Результаты приведены в следующей таблице:

|                               | TF-iDF | Count  | Binary |
|-------------------------------|--------|--------|--------|
| SVM-linear                    | 0.4787 | 0.4739 | 0.4763 |
| SVM-poly                      | 0.0013 | 0.0575 | 0.0037 |
| SVM-rbf                       | 0.3335 | 0.3477 | 0.3260 |
| SVM-sigmoid                   | 0.4638 | 0.3536 | 0.3842 |
| RandomForest                  | 0.2987 | 0.2305 | 0.2233 |
| LogisticRegression            | 0.3523 | 0.4605 | 0.4581 |
| SVM-linear-bagging-25         | 0.4811 | 0.4520 | 0.4522 |
| LogisticRegression-bagging-25 | 0.3136 | 0.4238 | 0.4207 |
| LGBM                          | 0.4465 | 0.4295 | 0.4317 |

Ни один из классификаторов не побил бейзлайн. Лучше всего себя показал линейный SVM.

Большинство модели получили на тренировочной выборке точность, очень близкую к 1.

### TF-iDF

In [81]:
import scipy.stats as st
from sklearn.model_selection import cross_val_score, cross_validate
import scipy.sparse as sp

X_train, X_test = vectorize_data(vectorizer_type='TF-iDF')

X_full = sp.vstack([X_train, X_test], format='csr')
x_is_train = np.hstack([np.ones(X_train.shape[0]), np.zeros(X_test.shape[0])])

model = LinearSVC()

cross_val_resuls = cross_validate(model, X_full, x_is_train, cv=5, scoring=['accuracy'])

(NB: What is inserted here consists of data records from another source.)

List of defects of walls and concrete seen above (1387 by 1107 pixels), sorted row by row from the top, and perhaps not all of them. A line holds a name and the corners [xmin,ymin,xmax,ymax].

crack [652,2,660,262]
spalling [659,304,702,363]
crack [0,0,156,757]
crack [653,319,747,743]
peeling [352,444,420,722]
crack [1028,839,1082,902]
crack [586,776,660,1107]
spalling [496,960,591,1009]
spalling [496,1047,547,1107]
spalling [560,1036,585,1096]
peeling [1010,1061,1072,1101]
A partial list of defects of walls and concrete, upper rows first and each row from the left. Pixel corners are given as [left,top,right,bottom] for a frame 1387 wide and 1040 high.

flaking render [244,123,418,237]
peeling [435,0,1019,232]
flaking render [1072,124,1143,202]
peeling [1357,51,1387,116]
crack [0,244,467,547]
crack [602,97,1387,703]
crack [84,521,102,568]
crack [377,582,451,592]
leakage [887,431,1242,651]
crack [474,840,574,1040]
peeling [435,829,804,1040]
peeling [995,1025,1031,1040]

data = cross_val_resuls['test_accuracy']

interval = st.t.interval(alpha=0.95, df=len(data)-1, loc=np.mean(data), scale=st.sem(data)) 
print(f"Accuracy 95% confidience interval: ({interval[0]:.4f} {interval[1]:.4f})")

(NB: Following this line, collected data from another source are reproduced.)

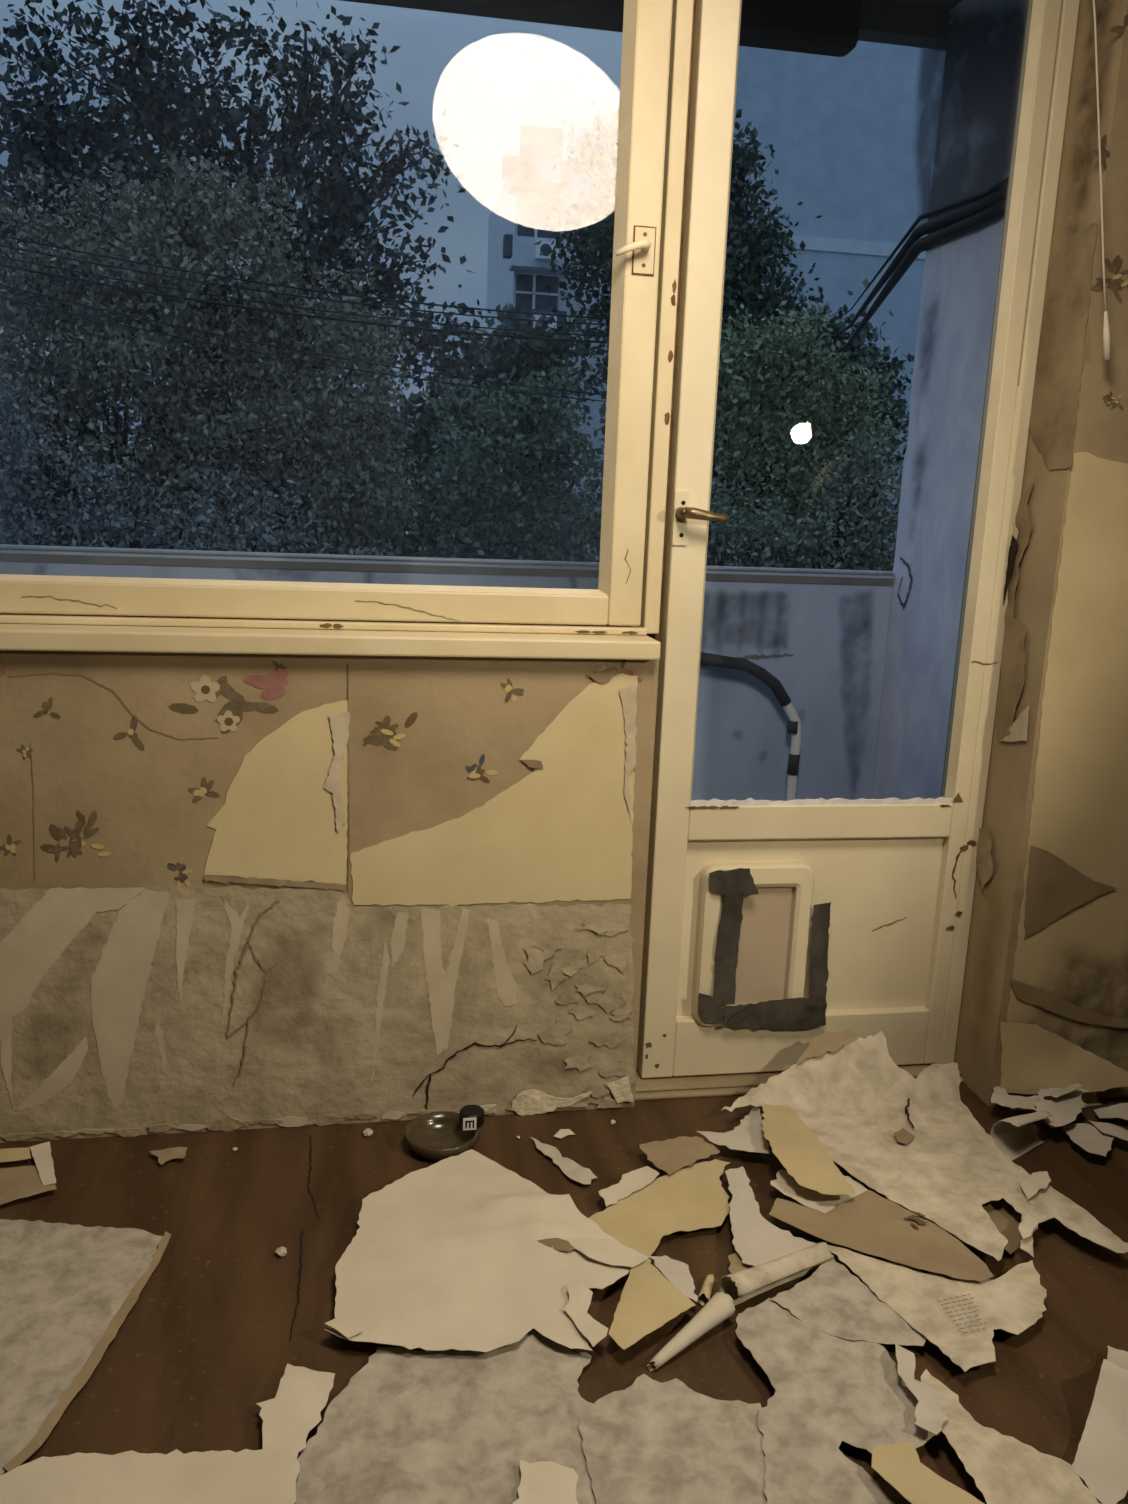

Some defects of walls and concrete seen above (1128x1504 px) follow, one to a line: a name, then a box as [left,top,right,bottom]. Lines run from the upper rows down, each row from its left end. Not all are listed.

peeling [324,712,350,832]
peeling [521,760,543,769]
crack [227,900,279,1085]
flaking render [0,875,667,1143]
crack [413,1025,537,1110]

print(f"Accuracy score with constant predictor: {accuracy_score(x_is_train, np.zeros_like(x_is_train)):.4f}")

Accuracy 95% confidience interval: (0.7649 0.8486)
Accuracy score with constant predictor: 0.5402


### Частотные вектора

In [82]:
X_train, X_test = vectorize_data(vectorizer_type='Count')

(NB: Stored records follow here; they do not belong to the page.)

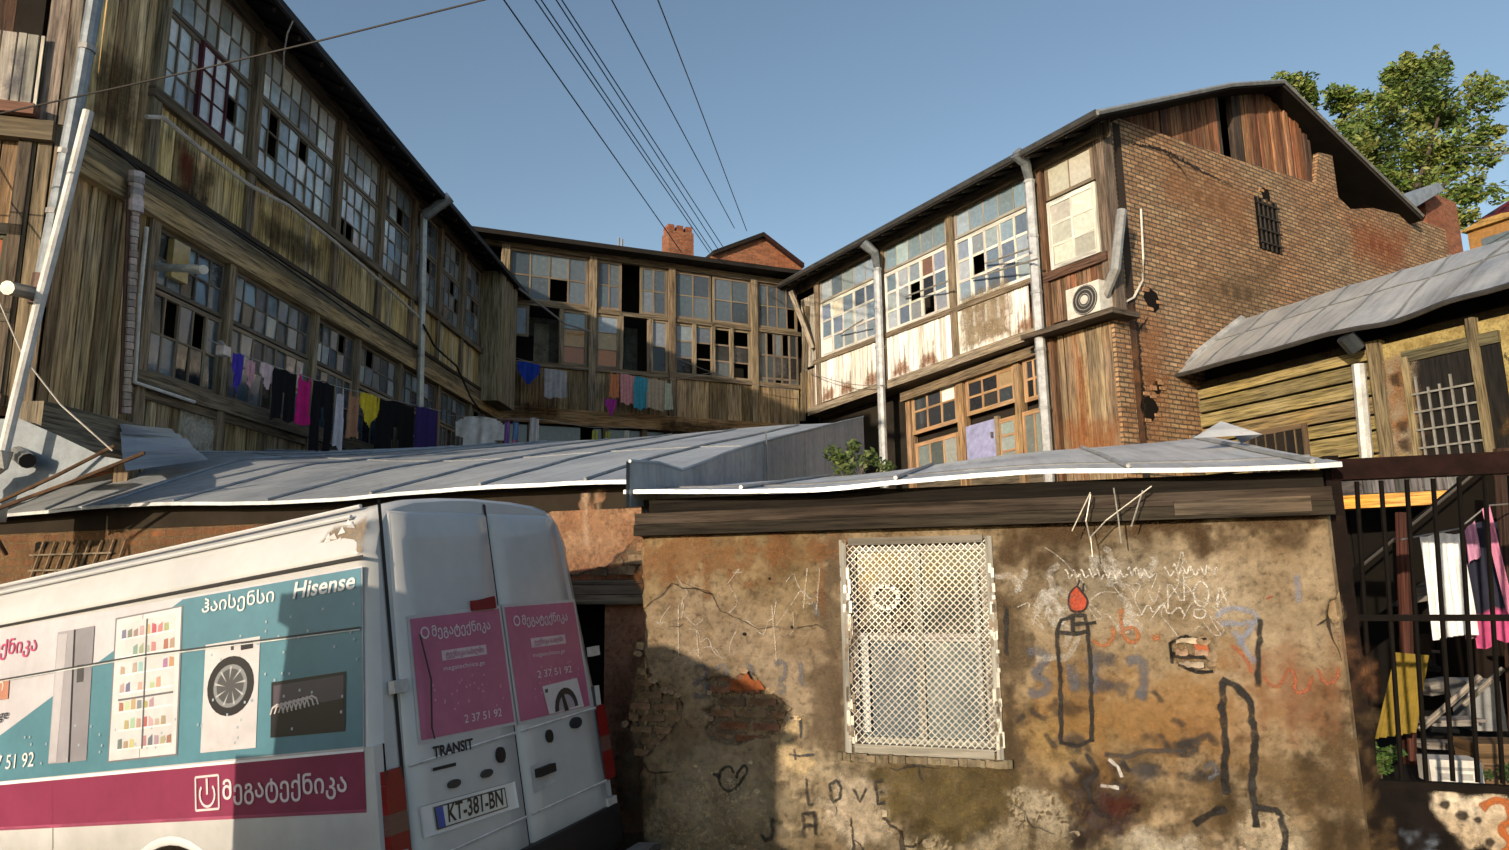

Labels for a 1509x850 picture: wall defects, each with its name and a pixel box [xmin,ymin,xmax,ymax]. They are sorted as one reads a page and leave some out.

crack [1131,142,1233,187]
spalling [595,539,643,575]
crack [641,582,824,629]
spalling [1169,635,1218,674]
spalling [620,642,683,757]
spalling [706,667,815,774]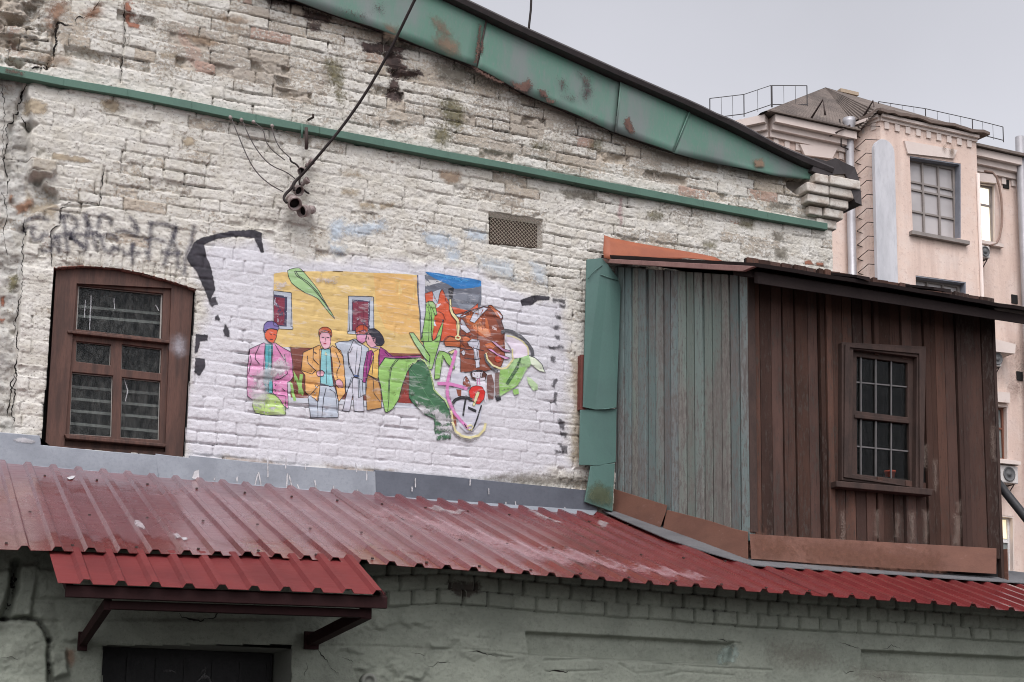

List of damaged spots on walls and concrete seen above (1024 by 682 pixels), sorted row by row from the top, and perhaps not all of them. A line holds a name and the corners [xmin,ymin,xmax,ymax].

spalling [125,2,140,29]
water stain [361,42,424,102]
corrosion [474,24,595,104]
crack [1,2,105,422]

X_full = sp.vstack([X_train, X_test], format='csr')
x_is_train = np.hstack([np.ones(X_train.shape[0]), np.zeros(X_test.shape[0])])

model = LinearSVC()

cross_val_resuls = cross_validate(model, X_full, x_is_train, cv=5, scoring=['accuracy'])

data = cross_val_resuls['test_accuracy']

interval = st.t.interval(alpha=0.95, df=len(data)-1, loc=np.mean(data), scale=st.sem(data)) 
print(f"Accuracy 95% confidience interval: ({interval[0]:.4f} {interval[1]:.4f})")

print(f"Accuracy score with constant predictor: {accuracy_score(x_is_train, np.zeros_like(x_is_train)):.4f}")

Accuracy 95% confidience interval: (0.6823 0.7590)
Accuracy score with constant predictor: 0.5402


### Булевские вектора

In [83]:
X_train, X_test = vectorize_data(vectorizer_type='Binary')

X_full = sp.vstack([X_train, X_test], format='csr')
x_is_train = np.hstack([np.ones(X_train.shape[0]), np.zeros(X_test.shape[0])])

model = LinearSVC()

cross_val_resuls = cross_validate(model, X_full, x_is_train, cv=5, scoring=['accuracy'])

data = cross_val_resuls['test_accuracy']

interval = st.t.interval(alpha=0.95, df=len(data)-1, loc=np.mean(data), scale=st.sem(data)) 
print(f"Accuracy 95% confidience interval: ({interval[0]:.4f} {interval[1]:.4f})")

print(f"Accuracy score with constant predictor: {accuracy_score(x_is_train, np.zeros_like(x_is_train)):.4f}")

Accuracy 95% confidience interval: (0.6859 0.7665)
Accuracy score with constant predictor: 0.5402


Линейный SVM смог добиться точности значительно лучше, чем константная модель. Это указывает на то, что train и test наборы значительно отличаются друг от друга.